Второй хасидизм (XVIII–XIX вв.) не внес существенных дополнений в антропологию иудаизма, но в нем более детально был разработан антропологический идеал цадика (праведника), являющегося духовным вождем еврейской общины. Конкретные личности приобретают особый аспект значимости, возникает жажда индивидуального духовного руководства. Дух искания личной святости и личного руководства прекрасно передает известный афоризм одного из хасидских цадиков: «Я не для того пришел к Магиду из Межерича, чтобы учиться у него Торе, но чтобы посмотреть, как он завязывает шнурки на своих ботинках» [3, 422].
Каббала (евр. учение, предание, в том числе индивидуальное учение какого-либо мистика) рождается как сплав предшествующих традиций – мистики Меркавы и хасидизма примерно к 1200 г. на территориях Южной Франции и Италии. Самой известной книгой каббалистической традиции является «Зогар» (Книга Сияния), которая несколько веков признавалась каноническим текстом, наряду с Торой и Талмудом. Помимо «Зогар» существует обширная каббалистическая литература, многие памятники которой до сих пор не изданы. Не рассматривая всю безбрежную каббалистическую традицию, стоит упомянуть только новые идеи, которые каббала привнесла в антропологию.
Ярким и своеобычным представляется учение Авраама Абулафии (1240 – после 1291) о том, что душа человека связана особыми перегородками, ограждающими ее от потока космической жизни. Если разрушить их, то душа приобщится к знанию истины, в ней высветлится ее истинная духовная природа, залегающая где-то в ее глубинах, а над поверхностью душевной жизни течет поток повседневной суеты. Для достижения искомого состояния Абулафия находит специфическое средство погружения в экстаз – еврейский алфавит, с помощью которого ночью, в особой одежде белого цвета, при многочисленных свечах, мистик составляет различные комбинации букв, которые должны служить ключом к пониманию имени Бога. Буквы сами по себе не имеют значения, но, погружаясь в их созерцание как в лицезрение чистых форм, душа постепенно освобождает сознание и воспаряет в горний мир.
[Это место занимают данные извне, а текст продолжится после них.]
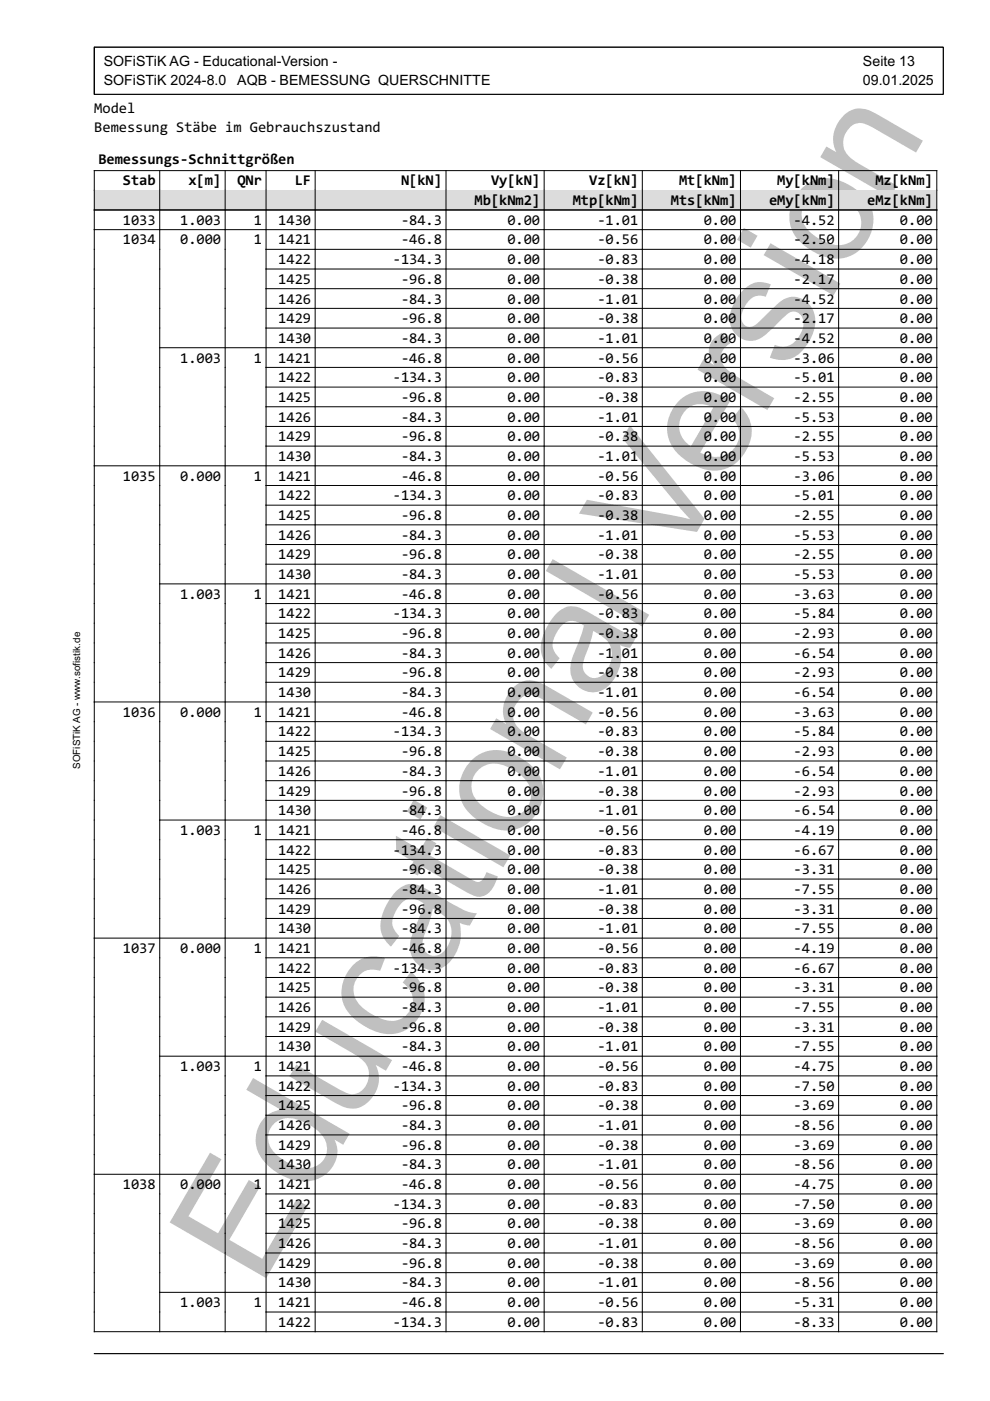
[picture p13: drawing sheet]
<svg xmlns="http://www.w3.org/2000/svg" width="210mm" height="297mm" viewBox="0 0 210 297" stroke-linecap="round" stroke-linejoin="round" font-family="sans-serif">
<defs><g id="words">
<text font-size="33" fill="#c0c0c0" x="55.1" y="273.3" transform="rotate(-60 55.1 273.3)">Educational Version</text>
<g font-size="3.2">
<text x="20" y="24">Model</text>
<text x="20" y="28">Bemessung Stäbe im Gebrauchszustand</text>
<text x="20.9" y="34.7">Bemessungs-Schnittgrößen</text>
<text x="26.1" y="39.3">Stab</text>
<text x="39.9" y="39.3">x[m]</text>
<text x="50.3" y="39.3">QNr</text>
<text x="62.5" y="39.3">LF</text>
<text x="85" y="39.3">N[kN]</text>
<text x="104.1" y="39.3">Vy[kN]</text>
<text x="124.9" y="39.3">Vz[kN]</text>
<text x="144" y="39.3">Mt[kNm]</text>
<text x="164.8" y="39.3">My[kNm]</text>
<text x="185.6" y="39.3">Mz[kNm]</text>
<text x="26.1" y="47.7">1033</text>
<text x="38.2" y="47.7">1.003</text>
<text x="53.8" y="47.7">1</text>
<text x="59" y="47.7">1430</text>
<text x="85" y="47.7">-84.3</text>
<text x="100.6" y="43.5">Mb[kNm2]</text>
<text x="107.6" y="47.7">0.00</text>
<text x="121.4" y="43.5">Mtp[kNm]</text>
<text x="126.6" y="47.7">-1.01</text>
<text x="142.3" y="43.5">Mts[kNm]</text>
<text x="149.2" y="47.7">0.00</text>
<text x="163.1" y="43.5">eMy[kNm]</text>
<text x="168.3" y="47.7">-4.52</text>
<text x="183.9" y="43.5">eMz[kNm]</text>
<text x="190.8" y="47.7">0.00</text>
<text x="26.1" y="51.8">1034</text>
<text x="38.2" y="51.8">0.000</text>
<text x="53.8" y="51.8">1</text>
<text x="59" y="51.8">1421</text>
<text x="85" y="51.8">-46.8</text>
<text x="107.6" y="51.8">0.00</text>
<text x="126.6" y="51.8">-0.56</text>
<text x="149.2" y="51.8">0.00</text>
<text x="168.3" y="51.8">-2.50</text>
<text x="190.8" y="51.8">0.00</text>
<text x="59" y="56">1422</text>
<text x="83.3" y="56">-134.3</text>
<text x="107.6" y="56">0.00</text>
<text x="126.6" y="56">-0.83</text>
<text x="149.2" y="56">0.00</text>
<text x="168.3" y="56">-4.18</text>
<text x="190.8" y="56">0.00</text>
<text x="59" y="60.2">1425</text>
<text x="59" y="64.4">1426</text>
<text x="85" y="60.2">-96.8</text>
<text x="85" y="64.4">-84.3</text>
<text x="107.6" y="60.2">0.00</text>
<text x="107.6" y="64.4">0.00</text>
<text x="126.6" y="60.2">-0.38</text>
<text x="126.6" y="64.4">-1.01</text>
<text x="149.2" y="60.2">0.00</text>
<text x="149.2" y="64.4">0.00</text>
<text x="168.3" y="60.2">-2.17</text>
<text x="168.3" y="64.4">-4.52</text>
<text x="190.8" y="60.2">0.00</text>
<text x="190.8" y="64.4">0.00</text>
<text x="59" y="68.5">1429</text>
<text x="85" y="68.5">-96.8</text>
<text x="107.6" y="68.5">0.00</text>
<text x="126.6" y="68.5">-0.38</text>
<text x="149.2" y="68.5">0.00</text>
<text x="168.3" y="68.5">-2.17</text>
<text x="190.8" y="68.5">0.00</text>
<text x="38.2" y="76.9">1.003</text>
<text x="53.8" y="76.9">1</text>
<text x="59" y="72.7">1430</text>
<text x="59" y="76.9">1421</text>
<text x="85" y="72.7">-84.3</text>
<text x="85" y="76.9">-46.8</text>
<text x="107.6" y="72.7">0.00</text>
<text x="107.6" y="76.9">0.00</text>
<text x="126.6" y="72.7">-1.01</text>
<text x="126.6" y="76.9">-0.56</text>
<text x="149.2" y="72.7">0.00</text>
<text x="149.2" y="76.9">0.00</text>
<text x="168.3" y="72.7">-4.52</text>
<text x="168.3" y="76.9">-3.06</text>
<text x="190.8" y="72.7">0.00</text>
<text x="190.8" y="76.9">0.00</text>
<text x="59" y="81">1422</text>
<text x="83.3" y="81">-134.3</text>
<text x="107.6" y="81">0.00</text>
<text x="126.6" y="81">-0.83</text>
<text x="149.2" y="81">0.00</text>
<text x="168.3" y="81">-5.01</text>
<text x="190.8" y="81">0.00</text>
<text x="59" y="85.2">1425</text>
<text x="59" y="89.4">1426</text>
<text x="85" y="85.2">-96.8</text>
<text x="85" y="89.4">-84.3</text>
<text x="107.6" y="85.2">0.00</text>
<text x="107.6" y="89.4">0.00</text>
<text x="126.6" y="85.2">-0.38</text>
<text x="126.6" y="89.4">-1.01</text>
<text x="149.2" y="85.2">0.00</text>
<text x="149.2" y="89.4">0.00</text>
<text x="168.3" y="85.2">-2.55</text>
<text x="168.3" y="89.4">-5.53</text>
<text x="190.8" y="85.2">0.00</text>
<text x="190.8" y="89.4">0.00</text>
<text x="59" y="93.6">1429</text>
<text x="85" y="93.6">-96.8</text>
<text x="107.6" y="93.6">0.00</text>
<text x="126.6" y="93.6">-0.38</text>
<text x="149.2" y="93.6">0.00</text>
<text x="168.3" y="93.6">-2.55</text>
<text x="190.8" y="93.6">0.00</text>
<text x="26.1" y="101.9">1035</text>
<text x="38.2" y="101.9">0.000</text>
<text x="53.8" y="101.9">1</text>
<text x="59" y="97.7">1430</text>
<text x="59" y="101.9">1421</text>
<text x="85" y="97.7">-84.3</text>
<text x="85" y="101.9">-46.8</text>
<text x="107.6" y="97.7">0.00</text>
<text x="107.6" y="101.9">0.00</text>
<text x="126.6" y="97.7">-1.01</text>
<text x="126.6" y="101.9">-0.56</text>
<text x="149.2" y="97.7">0.00</text>
<text x="149.2" y="101.9">0.00</text>
<text x="168.3" y="97.7">-5.53</text>
<text x="168.3" y="101.9">-3.06</text>
<text x="190.8" y="97.7">0.00</text>
<text x="190.8" y="101.9">0.00</text>
<text x="59" y="106.1">1422</text>
<text x="83.3" y="106.1">-134.3</text>
<text x="107.6" y="106.1">0.00</text>
<text x="126.6" y="106.1">-0.83</text>
<text x="149.2" y="106.1">0.00</text>
<text x="168.3" y="106.1">-5.01</text>
<text x="190.8" y="106.1">0.00</text>
<text x="59" y="110.3">1425</text>
<text x="85" y="110.3">-96.8</text>
<text x="107.6" y="110.3">0.00</text>
<text x="126.6" y="110.3">-0.38</text>
<text x="149.2" y="110.3">0.00</text>
<text x="168.3" y="110.3">-2.55</text>
<text x="190.8" y="110.3">0.00</text>
<text x="59" y="114.4">1426</text>
<text x="59" y="118.6">1429</text>
<text x="85" y="114.4">-84.3</text>
<text x="85" y="118.6">-96.8</text>
<text x="107.6" y="114.4">0.00</text>
<text x="107.6" y="118.6">0.00</text>
<text x="126.6" y="114.4">-1.01</text>
<text x="126.6" y="118.6">-0.38</text>
<text x="149.2" y="114.4">0.00</text>
<text x="149.2" y="118.6">0.00</text>
<text x="168.3" y="114.4">-5.53</text>
<text x="168.3" y="118.6">-2.55</text>
<text x="190.8" y="114.4">0.00</text>
<text x="190.8" y="118.6">0.00</text>
<text x="59" y="122.8">1430</text>
<text x="85" y="122.8">-84.3</text>
<text x="107.6" y="122.8">0.00</text>
<text x="126.6" y="122.8">-1.01</text>
<text x="149.2" y="122.8">0.00</text>
<text x="168.3" y="122.8">-5.53</text>
<text x="190.8" y="122.8">0.00</text>
<text x="38.2" y="126.9">1.003</text>
<text x="53.8" y="126.9">1</text>
<text x="59" y="126.9">1421</text>
<text x="59" y="131.1">1422</text>
<text x="83.3" y="131.1">-134.3</text>
<text x="85" y="126.9">-46.8</text>
<text x="107.6" y="126.9">0.00</text>
<text x="107.6" y="131.1">0.00</text>
<text x="126.6" y="126.9">-0.56</text>
<text x="126.6" y="131.1">-0.83</text>
<text x="149.2" y="126.9">0.00</text>
<text x="149.2" y="131.1">0.00</text>
<text x="168.3" y="126.9">-3.63</text>
<text x="168.3" y="131.1">-5.84</text>
<text x="190.8" y="126.9">0.00</text>
<text x="190.8" y="131.1">0.00</text>
<text x="59" y="135.3">1425</text>
<text x="85" y="135.3">-96.8</text>
<text x="107.6" y="135.3">0.00</text>
<text x="126.6" y="135.3">-0.38</text>
<text x="149.2" y="135.3">0.00</text>
<text x="168.3" y="135.3">-2.93</text>
<text x="190.8" y="135.3">0.00</text>
<text x="59" y="139.5">1426</text>
<text x="59" y="143.6">1429</text>
<text x="85" y="139.5">-84.3</text>
<text x="85" y="143.6">-96.8</text>
<text x="107.6" y="139.5">0.00</text>
<text x="107.6" y="143.6">0.00</text>
<text x="126.6" y="139.5">-1.01</text>
<text x="126.6" y="143.6">-0.38</text>
<text x="149.2" y="139.5">0.00</text>
<text x="149.2" y="143.6">0.00</text>
<text x="168.3" y="139.5">-6.54</text>
<text x="168.3" y="143.6">-2.93</text>
<text x="190.8" y="139.5">0.00</text>
<text x="190.8" y="143.6">0.00</text>
<text x="59" y="147.8">1430</text>
<text x="85" y="147.8">-84.3</text>
<text x="107.6" y="147.8">0.00</text>
<text x="126.6" y="147.8">-1.01</text>
<text x="149.2" y="147.8">0.00</text>
<text x="168.3" y="147.8">-6.54</text>
<text x="190.8" y="147.8">0.00</text>
<text x="26.1" y="152">1036</text>
<text x="38.2" y="152">0.000</text>
<text x="53.8" y="152">1</text>
<text x="59" y="152">1421</text>
<text x="85" y="152">-46.8</text>
<text x="107.6" y="152">0.00</text>
<text x="126.6" y="152">-0.56</text>
<text x="149.2" y="152">0.00</text>
<text x="168.3" y="152">-3.63</text>
<text x="190.8" y="152">0.00</text>
<text x="59" y="156.1">1422</text>
<text x="59" y="160.3">1425</text>
<text x="83.3" y="156.1">-134.3</text>
<text x="85" y="160.3">-96.8</text>
<text x="107.6" y="156.1">0.00</text>
<text x="107.6" y="160.3">0.00</text>
<text x="126.6" y="156.1">-0.83</text>
<text x="126.6" y="160.3">-0.38</text>
<text x="149.2" y="156.1">0.00</text>
<text x="149.2" y="160.3">0.00</text>
<text x="168.3" y="156.1">-5.84</text>
<text x="168.3" y="160.3">-2.93</text>
<text x="190.8" y="156.1">0.00</text>
<text x="190.8" y="160.3">0.00</text>
<text x="59" y="164.5">1426</text>
<text x="85" y="164.5">-84.3</text>
<text x="107.6" y="164.5">0.00</text>
<text x="126.6" y="164.5">-1.01</text>
<text x="149.2" y="164.5">0.00</text>
<text x="168.3" y="164.5">-6.54</text>
<text x="190.8" y="164.5">0.00</text>
<text x="59" y="168.7">1429</text>
<text x="59" y="172.8">1430</text>
<text x="85" y="168.7">-96.8</text>
<text x="85" y="172.8">-84.3</text>
<text x="107.6" y="168.7">0.00</text>
<text x="107.6" y="172.8">0.00</text>
<text x="126.6" y="168.7">-0.38</text>
<text x="126.6" y="172.8">-1.01</text>
<text x="149.2" y="168.7">0.00</text>
<text x="149.2" y="172.8">0.00</text>
<text x="168.3" y="168.7">-2.93</text>
<text x="168.3" y="172.8">-6.54</text>
<text x="190.8" y="168.7">0.00</text>
<text x="190.8" y="172.8">0.00</text>
<text x="38.2" y="177">1.003</text>
<text x="53.8" y="177">1</text>
<text x="59" y="177">1421</text>
<text x="85" y="177">-46.8</text>
<text x="107.6" y="177">0.00</text>
<text x="126.6" y="177">-0.56</text>
<text x="149.2" y="177">0.00</text>
<text x="168.3" y="177">-4.19</text>
<text x="190.8" y="177">0.00</text>
<text x="59" y="181.2">1422</text>
<text x="59" y="185.4">1425</text>
<text x="83.3" y="181.2">-134.3</text>
<text x="85" y="185.4">-96.8</text>
<text x="107.6" y="181.2">0.00</text>
<text x="107.6" y="185.4">0.00</text>
<text x="126.6" y="181.2">-0.83</text>
<text x="126.6" y="185.4">-0.38</text>
<text x="149.2" y="181.2">0.00</text>
<text x="149.2" y="185.4">0.00</text>
<text x="168.3" y="181.2">-6.67</text>
<text x="168.3" y="185.4">-3.31</text>
<text x="190.8" y="181.2">0.00</text>
<text x="190.8" y="185.4">0.00</text>
<text x="59" y="189.5">1426</text>
<text x="85" y="189.5">-84.3</text>
<text x="107.6" y="189.5">0.00</text>
<text x="126.6" y="189.5">-1.01</text>
<text x="149.2" y="189.5">0.00</text>
<text x="168.3" y="189.5">-7.55</text>
<text x="190.8" y="189.5">0.00</text>
<text x="59" y="193.7">1429</text>
<text x="59" y="197.9">1430</text>
<text x="85" y="193.7">-96.8</text>
<text x="85" y="197.9">-84.3</text>
<text x="107.6" y="193.7">0.00</text>
<text x="107.6" y="197.9">0.00</text>
<text x="126.6" y="193.7">-0.38</text>
<text x="126.6" y="197.9">-1.01</text>
<text x="149.2" y="193.7">0.00</text>
<text x="149.2" y="197.9">0.00</text>
<text x="168.3" y="193.7">-3.31</text>
<text x="168.3" y="197.9">-7.55</text>
<text x="190.8" y="193.7">0.00</text>
<text x="190.8" y="197.9">0.00</text>
<text x="26.1" y="202">1037</text>
<text x="38.2" y="202">0.000</text>
<text x="53.8" y="202">1</text>
<text x="59" y="202">1421</text>
<text x="85" y="202">-46.8</text>
<text x="107.6" y="202">0.00</text>
<text x="126.6" y="202">-0.56</text>
<text x="149.2" y="202">0.00</text>
<text x="168.3" y="202">-4.19</text>
<text x="190.8" y="202">0.00</text>
<text x="59" y="206.2">1422</text>
<text x="83.3" y="206.2">-134.3</text>
<text x="107.6" y="206.2">0.00</text>
<text x="126.6" y="206.2">-0.83</text>
<text x="149.2" y="206.2">0.00</text>
<text x="168.3" y="206.2">-6.67</text>
<text x="190.8" y="206.2">0.00</text>
<text x="59" y="210.4">1425</text>
<text x="59" y="214.6">1426</text>
<text x="85" y="210.4">-96.8</text>
<text x="85" y="214.6">-84.3</text>
<text x="107.6" y="210.4">0.00</text>
<text x="107.6" y="214.6">0.00</text>
<text x="126.6" y="210.4">-0.38</text>
<text x="126.6" y="214.6">-1.01</text>
<text x="149.2" y="210.4">0.00</text>
<text x="149.2" y="214.6">0.00</text>
<text x="168.3" y="210.4">-3.31</text>
<text x="168.3" y="214.6">-7.55</text>
<text x="190.8" y="210.4">0.00</text>
<text x="190.8" y="214.6">0.00</text>
<text x="59" y="218.7">1429</text>
<text x="85" y="218.7">-96.8</text>
<text x="107.6" y="218.7">0.00</text>
<text x="126.6" y="218.7">-0.38</text>
<text x="149.2" y="218.7">0.00</text>
<text x="168.3" y="218.7">-3.31</text>
<text x="190.8" y="218.7">0.00</text>
<text x="38.2" y="227.1">1.003</text>
<text x="53.8" y="227.1">1</text>
<text x="59" y="222.9">1430</text>
<text x="59" y="227.1">1421</text>
<text x="85" y="222.9">-84.3</text>
<text x="85" y="227.1">-46.8</text>
<text x="107.6" y="222.9">0.00</text>
<text x="107.6" y="227.1">0.00</text>
<text x="126.6" y="222.9">-1.01</text>
<text x="126.6" y="227.1">-0.56</text>
<text x="149.2" y="222.9">0.00</text>
<text x="149.2" y="227.1">0.00</text>
<text x="168.3" y="222.9">-7.55</text>
<text x="168.3" y="227.1">-4.75</text>
<text x="190.8" y="222.9">0.00</text>
<text x="190.8" y="227.1">0.00</text>
<text x="59" y="231.2">1422</text>
<text x="83.3" y="231.2">-134.3</text>
<text x="107.6" y="231.2">0.00</text>
<text x="126.6" y="231.2">-0.83</text>
<text x="149.2" y="231.2">0.00</text>
<text x="168.3" y="231.2">-7.50</text>
<text x="190.8" y="231.2">0.00</text>
<text x="59" y="235.4">1425</text>
<text x="59" y="239.6">1426</text>
<text x="85" y="235.4">-96.8</text>
<text x="85" y="239.6">-84.3</text>
<text x="107.6" y="235.4">0.00</text>
<text x="107.6" y="239.6">0.00</text>
<text x="126.6" y="235.4">-0.38</text>
<text x="126.6" y="239.6">-1.01</text>
<text x="149.2" y="235.4">0.00</text>
<text x="149.2" y="239.6">0.00</text>
<text x="168.3" y="235.4">-3.69</text>
<text x="168.3" y="239.6">-8.56</text>
<text x="190.8" y="235.4">0.00</text>
<text x="190.8" y="239.6">0.00</text>
<text x="59" y="243.8">1429</text>
<text x="85" y="243.8">-96.8</text>
<text x="107.6" y="243.8">0.00</text>
<text x="126.6" y="243.8">-0.38</text>
<text x="149.2" y="243.8">0.00</text>
<text x="168.3" y="243.8">-3.69</text>
<text x="190.8" y="243.8">0.00</text>
<text x="59" y="247.9">1430</text>
<text x="85" y="247.9">-84.3</text>
<text x="107.6" y="247.9">0.00</text>
<text x="126.6" y="247.9">-1.01</text>
<text x="149.2" y="247.9">0.00</text>
<text x="168.3" y="247.9">-8.56</text>
<text x="190.8" y="247.9">0.00</text>
<text x="26.1" y="252.1">1038</text>
<text x="38.2" y="252.1">0.000</text>
<text x="53.8" y="252.1">1</text>
<text x="59" y="252.1">1421</text>
<text x="59" y="256.3">1422</text>
<text x="83.3" y="256.3">-134.3</text>
<text x="85" y="252.1">-46.8</text>
<text x="107.6" y="252.1">0.00</text>
<text x="107.6" y="256.3">0.00</text>
<text x="126.6" y="252.1">-0.56</text>
<text x="126.6" y="256.3">-0.83</text>
<text x="149.2" y="252.1">0.00</text>
<text x="149.2" y="256.3">0.00</text>
<text x="168.3" y="252.1">-4.75</text>
<text x="168.3" y="256.3">-7.50</text>
<text x="190.8" y="252.1">0.00</text>
<text x="190.8" y="256.3">0.00</text>
<text x="59" y="260.5">1425</text>
<text x="85" y="260.5">-96.8</text>
<text x="107.6" y="260.5">0.00</text>
<text x="126.6" y="260.5">-0.38</text>
<text x="149.2" y="260.5">0.00</text>
<text x="168.3" y="260.5">-3.69</text>
<text x="190.8" y="260.5">0.00</text>
<text x="59" y="264.6">1426</text>
<text x="59" y="268.8">1429</text>
<text x="85" y="264.6">-84.3</text>
<text x="85" y="268.8">-96.8</text>
<text x="107.6" y="264.6">0.00</text>
<text x="107.6" y="268.8">0.00</text>
<text x="126.6" y="264.6">-1.01</text>
<text x="126.6" y="268.8">-0.38</text>
<text x="149.2" y="264.6">0.00</text>
<text x="149.2" y="268.8">0.00</text>
<text x="168.3" y="264.6">-8.56</text>
<text x="168.3" y="268.8">-3.69</text>
<text x="190.8" y="264.6">0.00</text>
<text x="190.8" y="268.8">0.00</text>
<text x="59" y="273">1430</text>
<text x="85" y="273">-84.3</text>
<text x="107.6" y="273">0.00</text>
<text x="126.6" y="273">-1.01</text>
<text x="149.2" y="273">0.00</text>
<text x="168.3" y="273">-8.56</text>
<text x="190.8" y="273">0.00</text>
<text x="38.2" y="277.1">1.003</text>
<text x="53.8" y="277.1">1</text>
<text x="59" y="277.1">1421</text>
<text x="59" y="281.3">1422</text>
<text x="83.3" y="281.3">-134.3</text>
<text x="85" y="277.1">-46.8</text>
<text x="107.6" y="277.1">0.00</text>
<text x="107.6" y="281.3">0.00</text>
<text x="126.6" y="277.1">-0.56</text>
<text x="126.6" y="281.3">-0.83</text>
<text x="149.2" y="277.1">0.00</text>
<text x="149.2" y="281.3">0.00</text>
<text x="168.3" y="277.1">-5.31</text>
<text x="168.3" y="281.3">-8.33</text>
<text x="190.8" y="277.1">0.00</text>
<text x="190.8" y="281.3">0.00</text>
</g>
<g font-size="3">
<text x="22" y="14">SOFiSTiK AG - Educational-Version -</text>
<text x="22" y="18">SOFiSTiK 2024-8.0</text>
<text x="50.3" y="18">AQB - BEMESSUNG QUERSCHNITTE</text>
<text x="183" y="14">Seite 13</text>
<text x="183" y="18">09.01.2025</text>
</g>
<text font-size="2.1" x="17" y="163" transform="rotate(-90 17 163)">SOFiSTiK AG - www.sofistik.de</text>
</g></defs>
<path d="M20 10h180v10h-180zM33.9 36.2v4.1M47.7 36.2v4.1M56.4 36.2v4.1M66.8 36.2v4.1M94.6 36.2v4.1M115.4 36.2v4.1M136.2 36.2v4.1M157 36.2v4.1M177.8 36.2v4.1M20 40.3v-4.1h178.6v4.1M20 287h180" fill="none" stroke="#000" stroke-width=".21"/>
<path d="M20 40.3h178.6v4.2h-178.6z" fill="#dcdcdc"/>
<g fill="none" stroke="#000" stroke-width=".21">
<path d="M20 40.3v242h178.6v-242M20 44.5h178.6M20 48.7h178.6M33.9 40.3v242M47.7 40.3v242M56.4 40.3v242M56.4 52.9h142.2M56.4 57h142.2M66.8 40.3v242M94.6 40.3v242M115.4 40.3v242M136.2 40.3v242"/>
<path d="M157 40.3v242M177.8 40.3v242M33.9 73.7h164.7M56.4 61.2h142.2M56.4 65.4h142.2M56.4 69.6h142.2M56.4 77.9h142.2M20 98.8h178.6M56.4 82.1h142.2M56.4 86.2h142.2M56.4 90.4h142.2M56.4 94.6h142.2"/>
<path d="M56.4 102.9h142.2M56.4 107.1h142.2M56.4 111.3h142.2M56.4 115.5h142.2M56.4 119.6h142.2M33.9 123.8h164.7M56.4 128h142.2M56.4 132.1h142.2M56.4 136.3h142.2M20 148.8h178.6M56.4 140.5h142.2M56.4 144.7h142.2"/>
<path d="M56.4 153h142.2M56.4 157.2h142.2M33.9 173.9h164.7M56.4 161.3h142.2M56.4 165.5h142.2M56.4 169.7h142.2M56.4 178h142.2M20 198.9h178.6M56.4 182.2h142.2M56.4 186.4h142.2M56.4 190.6h142.2M56.4 194.7h142.2"/>
<path d="M56.4 203.1h142.2M56.4 207.2h142.2M56.4 211.4h142.2M56.4 215.6h142.2M56.4 219.8h142.2M33.9 223.9h164.7M56.4 228.1h142.2M56.4 232.3h142.2M56.4 236.4h142.2M20 249h178.6M56.4 240.6h142.2M56.4 244.8h142.2"/>
<path d="M56.4 253.1h142.2M56.4 257.3h142.2M33.9 274h164.7M56.4 261.5h142.2M56.4 265.7h142.2M56.4 269.8h142.2M56.4 278.2h142.2"/>
</g>
<use href="#words"/>
</svg>

В состоянии мистического преображения человек и Тора образуют непостижимое единство, человек предстает живой и разумной Торой, и, кроме того, во время мистического транса человек встречает свое подлинное чисто духовное «я», которое противостоит ему и даже вступает в диалог, предсказывает будущее. Душа человека в этом описании предстает как многослойное образование, низшим слоем которого являются чистые духовные формы, аналогичные чистым формам божественного мира, но этот слой закрыт, как покрывалом, слоями грубого восприятия земной реальности, включенными в повседневность.
Каббала вносит новые интересные черты в старое учение Талмуда об особой, привилегированной роли еврейского народа, придавая ему мистическое толкование. Каббалист Ицхак Лурия (ум. 1572) учил, что Тора имеет шесть тысяч ликов по числу душ, бывших в Израиле во время получения Откровения. Каждый еврей имеет некоторое сродство с Торой, позволяющее ему адекватно понимать и интерпретировать священный текст. Кроме того, еврейский святой народ в целом предстает как Шхина – явление Славы Божества – и имеет влияние на судьбы вселенной. Царство Божие – это одновременно Кнессет Израиль (мистический прообраз общины Израиля) и Шхина, один из десяти божественных сфирот (евр. сфера, область), по учению «Зогар». Таким образом, израильский народ предстает как укорененный в недрах самого Божества.